Home | About | Sematext search-lucene.com search-hadoop.com
 Search Lucene and all its subprojects:

Switch to Threaded View
Mahout, mail # user - Using Mahout to train an CVB and retrieve it's topics


Copy link to this message
-
Re: Using Mahout to train an CVB and retrieve it's topics
Folcon Red 2012-07-29, 19:35
Thanks Dan and Jake,

The output I got from $MAHOUT_HOME/bin/mahout seqdumper -i /user/sgeadmin
/text_cvb_document/part-m-00000 is:

Input Path: /user/sgeadmin/text_cvb_document/part-m-00000
Key class: class org.apache.hadoop.io.IntWritable Value Class: class
org.apache.mahout.math.VectorWritable
Count: 0

I'm not certain what went wrong.

Kind Regards,
Folcon

On 29 July 2012 18:49, DAN HELM <[EMAIL PROTECTED]> wrote:

> Folcon,
>
> I'm still using Mahout 0.6 so don't know much about changes in 0.7.
>
> Your output folder for "dt" looks correct.  The relevant data would be
> in  /user/sgeadmin/text_cvb_document/part-m-00000 which is what I would
> be passing to a "-s" option.  But I see it says size is only 97 so that
> looks suspicious.  So you can just view file (for starters) as: mahout
> seqdumper -s /user/sgeadmin/text_cvb_document/part-m-00000.  And the
> vector dumper command (as Jake pointed out) has a lot more options to post-process
> the data but you may want to first just see what is in that file.
>
> Dan
>
>    *From:* Folcon Red <[EMAIL PROTECTED]>
> *To:* Jake Mannix <[EMAIL PROTECTED]>
> *Cc:* [EMAIL PROTECTED]; DAN HELM <[EMAIL PROTECTED]>
> *Sent:* Sunday, July 29, 2012 1:08 PM
> *Subject:* Re: Using Mahout to train an CVB and retrieve it's topics
>
> Hi Guys,
>
> Thanks for replying, the problem is whenever I use any -s flag I get the
> error "Unexpected -s while processing Job-Specific Options:"
>
> Also I'm not sure if this is supposed to be the output of -dt
>
> sgeadmin@master:~$ dumbo ls /user/sgeadmin/text_cvb_document -hadoop
> starcluster
> Found 3 items
> -rw-r--r--   3 sgeadmin supergroup          0 2012-07-29 16:51 /user/
> sgeadmin/text_cvb_document/_SUCCESS
> drwxr-xr-x   - sgeadmin supergroup          0 2012-07-29 16:50 /user/
> sgeadmin/text_cvb_document/_logs
> -rw-r--r--   3 sgeadmin supergroup         97 2012-07-29 16:51 /user/
> sgeadmin/text_cvb_document/part-m-00000
>
> Should I be using a newer version of mahout?

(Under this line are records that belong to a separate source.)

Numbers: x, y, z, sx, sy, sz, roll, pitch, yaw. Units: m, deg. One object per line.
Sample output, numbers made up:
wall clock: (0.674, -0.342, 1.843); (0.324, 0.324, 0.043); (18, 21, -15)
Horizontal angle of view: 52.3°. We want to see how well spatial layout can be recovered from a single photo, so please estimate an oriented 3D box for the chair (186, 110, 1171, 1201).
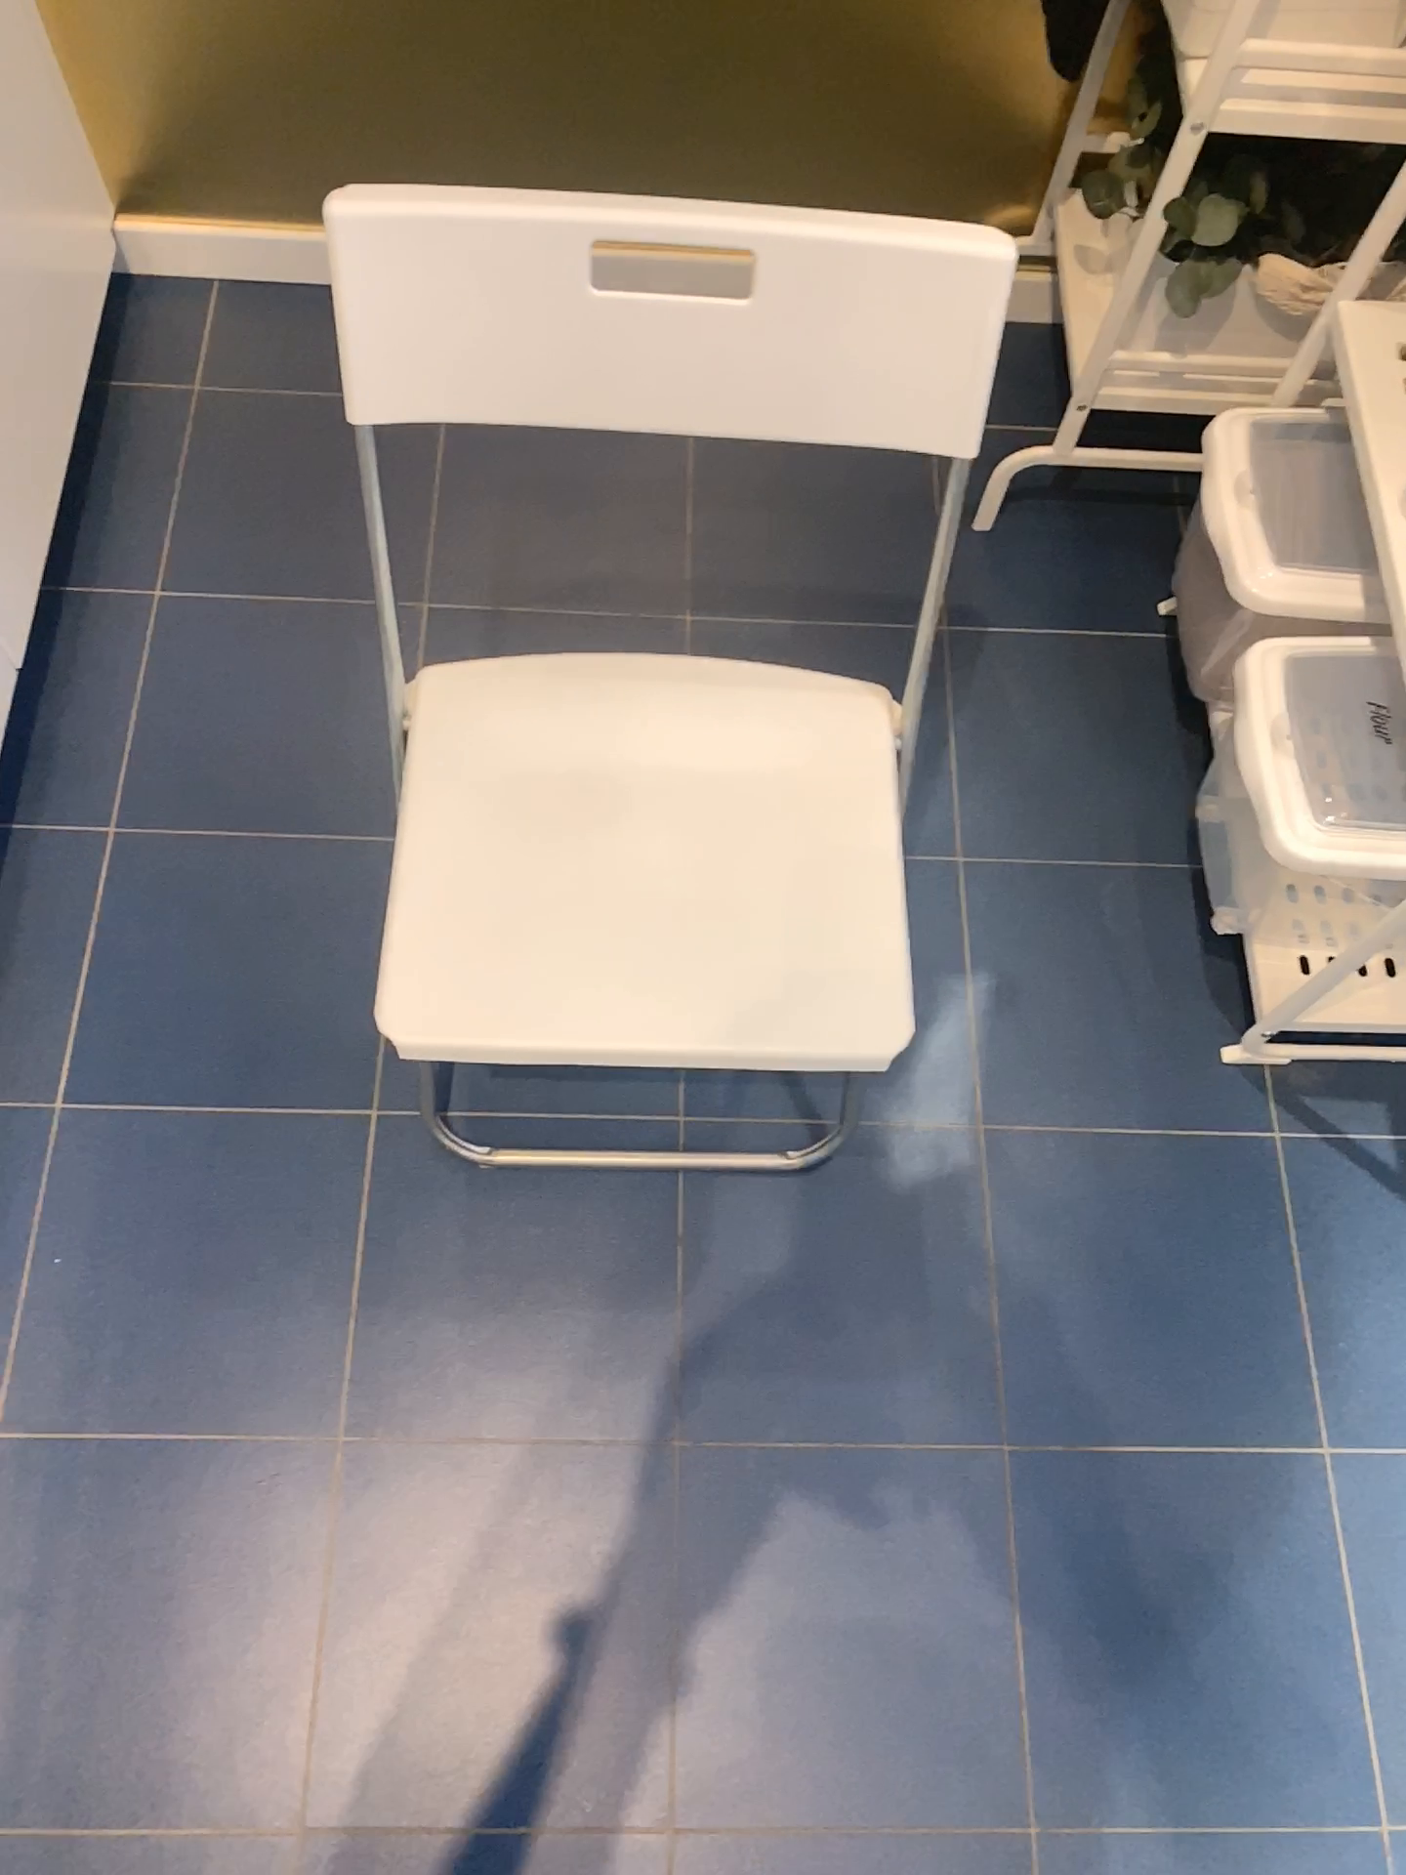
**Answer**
chair: (-0.021, -0.109, 1.066); (0.440, 0.749, 0.421); (3, 66, -2)

I've just been using the 0.7
> distribution so far as apparently the compiled versions are missing parts
> that the distributed ones have.
>
> Kind Regards,
> Folcon
>
> PS: Thanks for the help so far!
>
> On 29 July 2012 04:52, Jake Mannix <[EMAIL PROTECTED]> wrote:
>
>
>
> On Sat, Jul 28, 2012 at 6:40 PM, DAN HELM <[EMAIL PROTECTED]> wrote:
>
> Hi Folcon,
>
> In the folder you specified for the –dt option for cvb command
> there should be sequence files with the document to topic associations
> (Key:
> IntWritable, Value: VectorWritable).
>
>
> Yeah, this is correct, although this:
>
>
> You can dump in text format as: mahout seqdumper –s <sequence file>
>
>
> is not as good as using vectordumper:
>
>    mahout vectordump -s <sequence file> --dictionary <path to dictionary.file-0>
> \
>        --dictionaryType seqfile --vectorSize <num entries per topic you
> want to see> -sort
>
> This joins your topic vectors with the dictionary, then picks out the top
> k terms (with their
> probabilities) for each topic and prints them to the console (or to the
> file you specify with
> an --output option).
>
> *although* I notice now that in trunk when I just checked, VectorDumper.java
> had a bug
> in it for "vectorSize" - line 175 asks for cmdline option "
> numIndexesPerVector" not
> vectorSize, ack!  So I took the liberty of fixing that, but you'll need
> to "svn up" and rebuild
> your jar before using vectordump like this.
>
>
>  So in text output from seqdumper, the key is a document id and the
> vector contains
> the topics and associated scores associated with the document.  I think
> all topics are listed for each
> document but many with near zero score.
> In my case I used rowid to convert keys of original sparse
> document vectors from Text to Integer before running cvb and this
> generates a mapping file so I know the textual
> keys that correspond to the numeric document ids (since my original
> document ids were file names and I created named vectors).